Translation:Welcome, please.

August 19, 2018



Welcome, come in please. = Welcome, please come in?


I had the same problem


Why isn't "masuk" (to enter) required in this sentence?


the "come in" part is actually just implied by the circumstance. It directly translates to "Safe arrival, please." Just as Selamat Pagi is literally "Safe Morning" as in 'I wish you a safe ...' But as English speakers do not use this form of greeting, we understand it as 'Welcome,' 'Good Morning,' etc.


Just a question: I was under the impression Selamat means "safe", from the arabic. (along with Congratulations, etc) I've never heard it being used for "Welcome". So, it seems odd to me I need to include Welcome in this sentence.

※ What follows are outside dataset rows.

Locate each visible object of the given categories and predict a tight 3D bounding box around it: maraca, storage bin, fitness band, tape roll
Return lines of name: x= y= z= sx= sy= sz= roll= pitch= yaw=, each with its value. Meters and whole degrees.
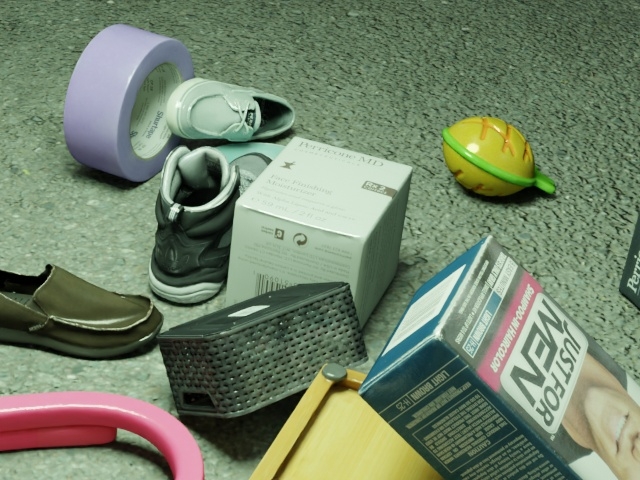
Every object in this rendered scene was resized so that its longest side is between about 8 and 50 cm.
maraca: x=0.237 y=-0.106 z=1.785 sx=0.186 sy=0.099 sz=0.127 roll=16 pitch=27 yaw=-39
storage bin: x=-0.057 y=0.106 z=1.345 sx=0.180 sy=0.084 sz=0.122 roll=-18 pitch=8 yaw=-36
fitness band: x=-0.249 y=0.220 z=1.204 sx=0.291 sy=0.054 sz=0.209 roll=-4 pitch=33 yaw=-14
tape roll: x=-0.241 y=-0.175 z=1.714 sx=0.080 sy=0.189 sz=0.189 roll=18 pitch=34 yaw=18

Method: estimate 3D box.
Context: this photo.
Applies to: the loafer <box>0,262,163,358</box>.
loafer: x=-0.275 y=0.068 z=1.418 sx=0.220 sy=0.078 sz=0.080 roll=4 pitch=32 yaw=-4

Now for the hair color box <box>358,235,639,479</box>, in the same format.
hair color box: x=0.209 y=0.178 z=1.138 sx=0.347 sy=0.105 sz=0.174 roll=45 pitch=36 yaw=-6

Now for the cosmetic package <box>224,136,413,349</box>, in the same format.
cosmetic package: x=0.000 y=0.000 z=1.509 sx=0.151 sy=0.151 sz=0.183 roll=16 pitch=33 yaw=13

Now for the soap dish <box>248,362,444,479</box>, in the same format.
soap dish: x=0.044 y=0.235 z=1.171 sx=0.229 sy=0.118 sz=0.291 roll=16 pitch=32 yaw=15

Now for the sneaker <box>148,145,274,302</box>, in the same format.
sneaker: x=-0.111 y=-0.057 z=1.557 sx=0.101 sy=0.153 sz=0.268 roll=18 pitch=42 yaw=14

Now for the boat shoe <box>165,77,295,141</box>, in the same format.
boat shoe: x=-0.112 y=-0.172 z=1.790 sx=0.081 sy=0.079 sz=0.227 roll=13 pitch=12 yaw=31

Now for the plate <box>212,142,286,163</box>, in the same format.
plate: x=-0.079 y=-0.074 z=1.738 sx=0.188 sy=0.024 sz=0.188 roll=4 pitch=31 yaw=-2

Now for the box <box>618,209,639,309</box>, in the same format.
box: x=0.545 y=0.021 z=1.442 sx=0.212 sy=0.293 sz=0.395 roll=-10 pitch=35 yaw=-25
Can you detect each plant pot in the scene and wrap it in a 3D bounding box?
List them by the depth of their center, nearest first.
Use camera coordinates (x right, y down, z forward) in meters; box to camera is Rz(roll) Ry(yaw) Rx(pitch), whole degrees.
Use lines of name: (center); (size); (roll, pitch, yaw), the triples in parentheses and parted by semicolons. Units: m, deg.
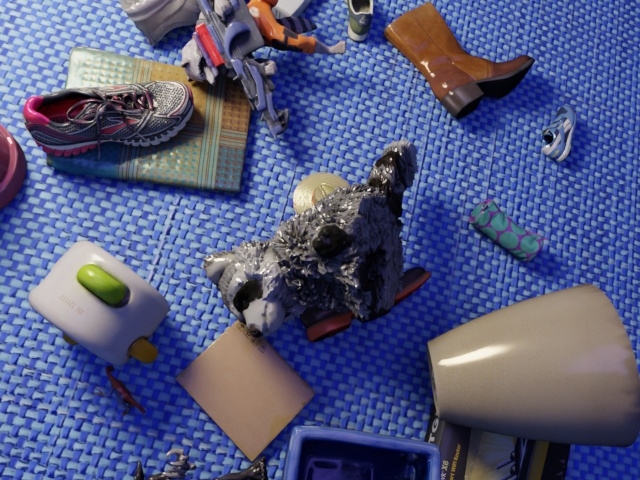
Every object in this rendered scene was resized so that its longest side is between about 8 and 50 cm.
plant pot: (0.043, 0.423, 0.832); (0.235, 0.212, 0.236); (9, 73, -6)
plant pot: (0.321, 0.215, 0.857); (0.273, 0.256, 0.257); (-8, 75, 6)
plant pot: (-0.645, -0.152, 0.896); (0.201, 0.180, 0.202); (2, 74, -8)

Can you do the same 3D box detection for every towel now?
towel: (-0.330, -0.239, 1.052); (0.370, 0.040, 0.272); (8, 73, -9)

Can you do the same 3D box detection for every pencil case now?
pencil case: (0.392, -0.022, 1.099); (0.151, 0.064, 0.070); (38, 96, 2)

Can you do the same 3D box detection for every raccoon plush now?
raccoon plush: (0.000, 0.000, 0.968); (0.446, 0.299, 0.216); (-51, 128, -49)

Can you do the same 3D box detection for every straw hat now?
straw hat: (0.018, -0.084, 1.054); (0.144, 0.061, 0.145); (2, 74, -9)

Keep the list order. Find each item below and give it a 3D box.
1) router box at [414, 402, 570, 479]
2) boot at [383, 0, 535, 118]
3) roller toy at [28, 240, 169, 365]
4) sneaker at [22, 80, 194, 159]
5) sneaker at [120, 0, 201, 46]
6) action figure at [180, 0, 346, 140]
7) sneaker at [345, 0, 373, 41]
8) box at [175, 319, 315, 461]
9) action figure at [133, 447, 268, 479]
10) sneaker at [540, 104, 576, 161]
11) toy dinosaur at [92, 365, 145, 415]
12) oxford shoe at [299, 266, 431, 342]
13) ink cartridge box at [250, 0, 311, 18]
router box: (0.325, 0.373, 0.964); (0.242, 0.081, 0.309); (20, 71, -3)
boot: (0.325, -0.441, 1.216); (0.264, 0.096, 0.280); (-31, 74, -9)
roller toy: (-0.365, 0.110, 0.865); (0.191, 0.209, 0.146); (21, 66, 38)
sneaker: (-0.380, -0.233, 0.961); (0.299, 0.112, 0.121); (-20, 78, -17)
sneaker: (-0.280, -0.520, 1.108); (0.281, 0.115, 0.105); (-35, 56, -13)
action figure: (-0.122, -0.381, 1.069); (0.330, 0.178, 0.342); (-22, 105, -13)
sneaker: (0.090, -0.560, 1.191); (0.064, 0.086, 0.192); (-1, 74, -10)
box: (-0.134, 0.264, 0.947); (0.201, 0.021, 0.164); (46, 72, 5)
action figure: (-0.217, 0.415, 0.823); (0.275, 0.141, 0.164); (-8, 59, -8)
sneaker: (0.545, -0.253, 1.200); (0.059, 0.053, 0.144); (19, 71, -2)
toy dinosaur: (-0.339, 0.252, 0.893); (0.090, 0.047, 0.082); (-8, 103, 17)
oxford shoe: (0.084, 0.096, 0.998); (0.271, 0.097, 0.098); (-22, 73, -15)
ink cartridge box: (-0.100, -0.632, 1.200); (0.223, 0.045, 0.224); (34, 72, 1)

Can anyone enlighten me on this?


Datang means "come, arrive", selamat datang literally means good come, as same as the logic of the english word welcome (good come).


Thanks for pointing out this similarity, it's helpful to think of it like that!


Selamat is very common in Indonesian greetings and such. So equating "selamat datang" to "welcome" is perfectly normal. I'm surprised you've never heard it used that way before.


I think I was confused yesterday. I thought it was saying Selamat was Welcome. I see it’s saying it’s being used as “come in please”.

I am aware selamat datang is welcome


No problem. Just wanted to help with any confusion you may have had.


"Welcome please" isn't anything. That's nonsense in English. Change it to a better idiomatic translation.

[deactivated user]

    "selamat datang" vs "sama-sama"??


    "Selamat datang" means welcome, or something like, "I am pleased that you are here". For example, "Welcome to our town". "Sama-sama" is the equivalent of what American English speakers mean when they say, "You're welcome!" after somebody has thanked them. In other words, "No need to thank me".


    Welcome, please? When do you talk like that?